- Official poster
- Directed by: Tom Roberts
- Written by: Natalia Portnova; Simon van der Borgh;
- Produced by: Jimmy de Brabant; Michael Dounaev; Kami Naghdi;
- Starring: Thomas Kretschmann; Daniel Brühl; Vera Farmiga; John Malkovich;
- Cinematography: Sergei Astakhov
- Edited by: Paul Carlin
- Music by: Dan Jones
- Production companies: Thema Production; Peace Arch Films;
- Distributed by: Peace Arch Films
- Release dates: 4 March 2008 (Russia); 31 May 2010 (United Kingdom);
- Running time: 113 minutes
- Countries: Russia; United Kingdom;
- Languages: Russian; German; English;

= In Transit (2008 film) =

In Transit (originally titled In Tranzit) is a 2008 Russian-British drama film based on the true story of German prisoners of war in a Soviet work camp after World War II. The film was directed by Tom Roberts, and stars Thomas Kretschmann, Daniel Brühl, Vera Farmiga, and John Malkovich.

The film was released in Russian cinemas on 4 March 2008 and in the United Kingdom on 31 May 2010.

==Plot==

In the winter of 1946, in Leningrad, a group of German prisoners of war are sent to a female transit camp by the cruel Russian Colonel Pavlov. When they arrive, the Russian female soldiers show hostility to the prisoners on the grounds that have killed their families and friends; only Dr. Natalia and the cook treat the prisoners with dignity.

Natalia has an agreement with Colonel Pavlov to keep her former lover, who was wounded on the head during the war, in the camp instead of sending him to an institution in Siberia. Pavlov assigns Natalia to discover the members of the SS hiding in the group of prisoners. Natalia and the prisoner Max Bort feel a great attraction for each other, while another prisoner, Klaus Prompst, tries to convince Max to denounce a couple of prisoners to satisfy Pavlov.

Natalia convinces the businessman Yakov to organise an orchestra with the prisoners; they are invited to a ball, where the lonely women who survived the war get to dance with the Germans. After the ball, Natalia convinces Officer Elena to let the prisoners spend the night with the women. Natalia has a one-night stand with Max and while he sneaks back to the quarters, he is attacked by Klaus but saved by Natalia, who then discovers who Klaus actually is.

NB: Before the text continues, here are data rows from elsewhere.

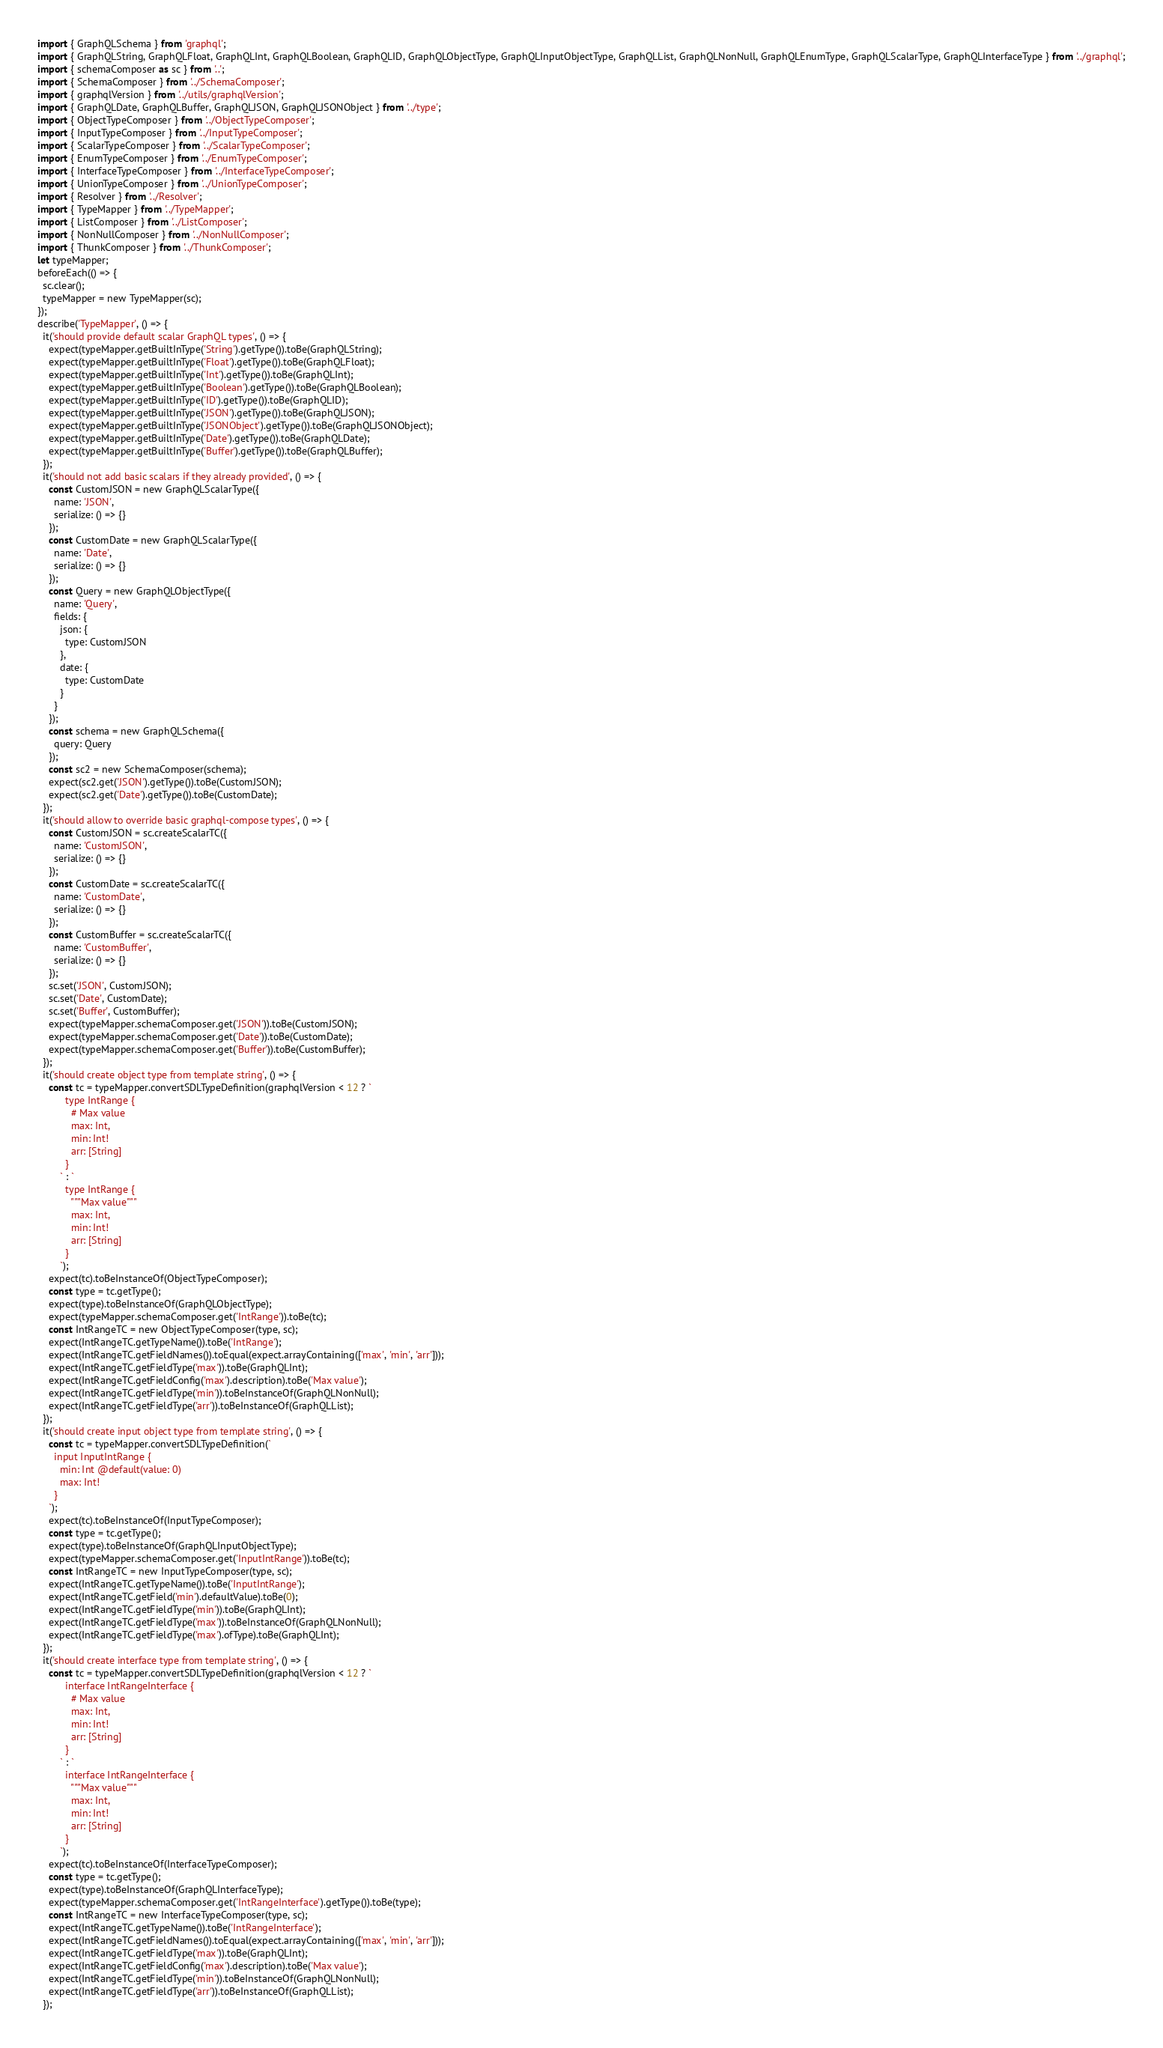Convert code to text. <code><loc_0><loc_0><loc_500><loc_500><_JavaScript_>import { GraphQLSchema } from 'graphql';
import { GraphQLString, GraphQLFloat, GraphQLInt, GraphQLBoolean, GraphQLID, GraphQLObjectType, GraphQLInputObjectType, GraphQLList, GraphQLNonNull, GraphQLEnumType, GraphQLScalarType, GraphQLInterfaceType } from '../graphql';
import { schemaComposer as sc } from '..';
import { SchemaComposer } from '../SchemaComposer';
import { graphqlVersion } from '../utils/graphqlVersion';
import { GraphQLDate, GraphQLBuffer, GraphQLJSON, GraphQLJSONObject } from '../type';
import { ObjectTypeComposer } from '../ObjectTypeComposer';
import { InputTypeComposer } from '../InputTypeComposer';
import { ScalarTypeComposer } from '../ScalarTypeComposer';
import { EnumTypeComposer } from '../EnumTypeComposer';
import { InterfaceTypeComposer } from '../InterfaceTypeComposer';
import { UnionTypeComposer } from '../UnionTypeComposer';
import { Resolver } from '../Resolver';
import { TypeMapper } from '../TypeMapper';
import { ListComposer } from '../ListComposer';
import { NonNullComposer } from '../NonNullComposer';
import { ThunkComposer } from '../ThunkComposer';
let typeMapper;
beforeEach(() => {
  sc.clear();
  typeMapper = new TypeMapper(sc);
});
describe('TypeMapper', () => {
  it('should provide default scalar GraphQL types', () => {
    expect(typeMapper.getBuiltInType('String').getType()).toBe(GraphQLString);
    expect(typeMapper.getBuiltInType('Float').getType()).toBe(GraphQLFloat);
    expect(typeMapper.getBuiltInType('Int').getType()).toBe(GraphQLInt);
    expect(typeMapper.getBuiltInType('Boolean').getType()).toBe(GraphQLBoolean);
    expect(typeMapper.getBuiltInType('ID').getType()).toBe(GraphQLID);
    expect(typeMapper.getBuiltInType('JSON').getType()).toBe(GraphQLJSON);
    expect(typeMapper.getBuiltInType('JSONObject').getType()).toBe(GraphQLJSONObject);
    expect(typeMapper.getBuiltInType('Date').getType()).toBe(GraphQLDate);
    expect(typeMapper.getBuiltInType('Buffer').getType()).toBe(GraphQLBuffer);
  });
  it('should not add basic scalars if they already provided', () => {
    const CustomJSON = new GraphQLScalarType({
      name: 'JSON',
      serialize: () => {}
    });
    const CustomDate = new GraphQLScalarType({
      name: 'Date',
      serialize: () => {}
    });
    const Query = new GraphQLObjectType({
      name: 'Query',
      fields: {
        json: {
          type: CustomJSON
        },
        date: {
          type: CustomDate
        }
      }
    });
    const schema = new GraphQLSchema({
      query: Query
    });
    const sc2 = new SchemaComposer(schema);
    expect(sc2.get('JSON').getType()).toBe(CustomJSON);
    expect(sc2.get('Date').getType()).toBe(CustomDate);
  });
  it('should allow to override basic graphql-compose types', () => {
    const CustomJSON = sc.createScalarTC({
      name: 'CustomJSON',
      serialize: () => {}
    });
    const CustomDate = sc.createScalarTC({
      name: 'CustomDate',
      serialize: () => {}
    });
    const CustomBuffer = sc.createScalarTC({
      name: 'CustomBuffer',
      serialize: () => {}
    });
    sc.set('JSON', CustomJSON);
    sc.set('Date', CustomDate);
    sc.set('Buffer', CustomBuffer);
    expect(typeMapper.schemaComposer.get('JSON')).toBe(CustomJSON);
    expect(typeMapper.schemaComposer.get('Date')).toBe(CustomDate);
    expect(typeMapper.schemaComposer.get('Buffer')).toBe(CustomBuffer);
  });
  it('should create object type from template string', () => {
    const tc = typeMapper.convertSDLTypeDefinition(graphqlVersion < 12 ? `
          type IntRange {
            # Max value
            max: Int,
            min: Int!
            arr: [String]
          }
        ` : `
          type IntRange {
            """Max value"""
            max: Int,
            min: Int!
            arr: [String]
          }
        `);
    expect(tc).toBeInstanceOf(ObjectTypeComposer);
    const type = tc.getType();
    expect(type).toBeInstanceOf(GraphQLObjectType);
    expect(typeMapper.schemaComposer.get('IntRange')).toBe(tc);
    const IntRangeTC = new ObjectTypeComposer(type, sc);
    expect(IntRangeTC.getTypeName()).toBe('IntRange');
    expect(IntRangeTC.getFieldNames()).toEqual(expect.arrayContaining(['max', 'min', 'arr']));
    expect(IntRangeTC.getFieldType('max')).toBe(GraphQLInt);
    expect(IntRangeTC.getFieldConfig('max').description).toBe('Max value');
    expect(IntRangeTC.getFieldType('min')).toBeInstanceOf(GraphQLNonNull);
    expect(IntRangeTC.getFieldType('arr')).toBeInstanceOf(GraphQLList);
  });
  it('should create input object type from template string', () => {
    const tc = typeMapper.convertSDLTypeDefinition(`
      input InputIntRange {
        min: Int @default(value: 0)
        max: Int!
      }
    `);
    expect(tc).toBeInstanceOf(InputTypeComposer);
    const type = tc.getType();
    expect(type).toBeInstanceOf(GraphQLInputObjectType);
    expect(typeMapper.schemaComposer.get('InputIntRange')).toBe(tc);
    const IntRangeTC = new InputTypeComposer(type, sc);
    expect(IntRangeTC.getTypeName()).toBe('InputIntRange');
    expect(IntRangeTC.getField('min').defaultValue).toBe(0);
    expect(IntRangeTC.getFieldType('min')).toBe(GraphQLInt);
    expect(IntRangeTC.getFieldType('max')).toBeInstanceOf(GraphQLNonNull);
    expect(IntRangeTC.getFieldType('max').ofType).toBe(GraphQLInt);
  });
  it('should create interface type from template string', () => {
    const tc = typeMapper.convertSDLTypeDefinition(graphqlVersion < 12 ? `
          interface IntRangeInterface {
            # Max value
            max: Int,
            min: Int!
            arr: [String]
          }
        ` : `
          interface IntRangeInterface {
            """Max value"""
            max: Int,
            min: Int!
            arr: [String]
          }
        `);
    expect(tc).toBeInstanceOf(InterfaceTypeComposer);
    const type = tc.getType();
    expect(type).toBeInstanceOf(GraphQLInterfaceType);
    expect(typeMapper.schemaComposer.get('IntRangeInterface').getType()).toBe(type);
    const IntRangeTC = new InterfaceTypeComposer(type, sc);
    expect(IntRangeTC.getTypeName()).toBe('IntRangeInterface');
    expect(IntRangeTC.getFieldNames()).toEqual(expect.arrayContaining(['max', 'min', 'arr']));
    expect(IntRangeTC.getFieldType('max')).toBe(GraphQLInt);
    expect(IntRangeTC.getFieldConfig('max').description).toBe('Max value');
    expect(IntRangeTC.getFieldType('min')).toBeInstanceOf(GraphQLNonNull);
    expect(IntRangeTC.getFieldType('arr')).toBeInstanceOf(GraphQLList);
  });</code> 
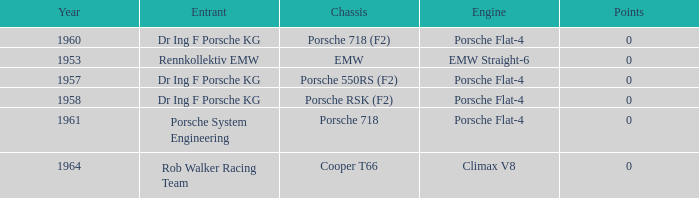Which engine did dr ing f porsche kg use with the porsche rsk (f2) chassis? Porsche Flat-4. 
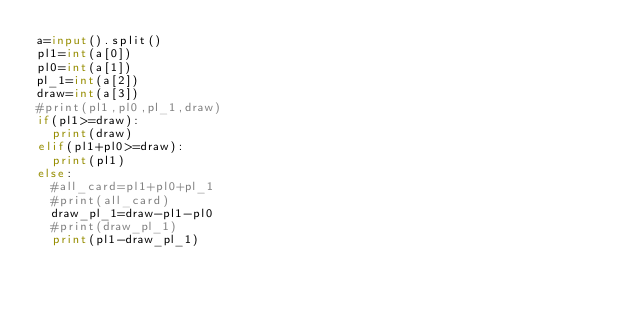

Pavlov interrupts the fight between Max and Klaus. Klaus then commits suicide, being hit by a train. Max and Pavlov discuss who Klaus really was and the reputation he had. Pavlov calls Natalia a true soviet for completing her mission, revealing the truth to Max. Max is taken away heart broken. The next day, Max is returned and Natalia's former lover is taken to Siberia. They eventually receive the news that Stalin made a deal and the POWs will be going home.

==Production==
In Transit was directed by Tom Roberts, from a screenplay written by Natalia Portnova and Simon van der Borgh. The film was produced by Jimmy de Brabant, Michael Dounaev and Kami Naghdi. Principal photography took place over five weeks in St. Petersburg, Russia in March and April 2006.

==Release==
The film was sold at the Cannes Film Market in 2007 and was not subject to theatrical release thereafter. It was distributed straight to DVD by Peace Arch Films in Russia on 4 March 2008, Peace Arch Home Entertainment in the United States on 5 May 2009 and Peace Arch Films and Universal Pictures Home Entertainment in the United Kingdom on 31 May 2010. Pan Vision released the film straight to DVD in Denmark on 30 March 2010, Sweden on 31 March 2010 and Finland on 1 April 2010. The film was also released on DVD in Japan, Australia, the Netherlands and Belgium.

==Reception==
In Transit received mixed reviews from film critics. The film was described by film critic Robert Roten as one where "strong acting helps overcome a meandering, but unpredictable plot. It is a solid international cast, and a story that, while not compelling, will keep you guessing right up to the end. It has an air of authenticity about it and it works for the most part." By way of contrast, another critic, Don Groves, saw the film as "almost totally devoid of tension, marred by slack pacing, thinly developed characters and banal dialogue."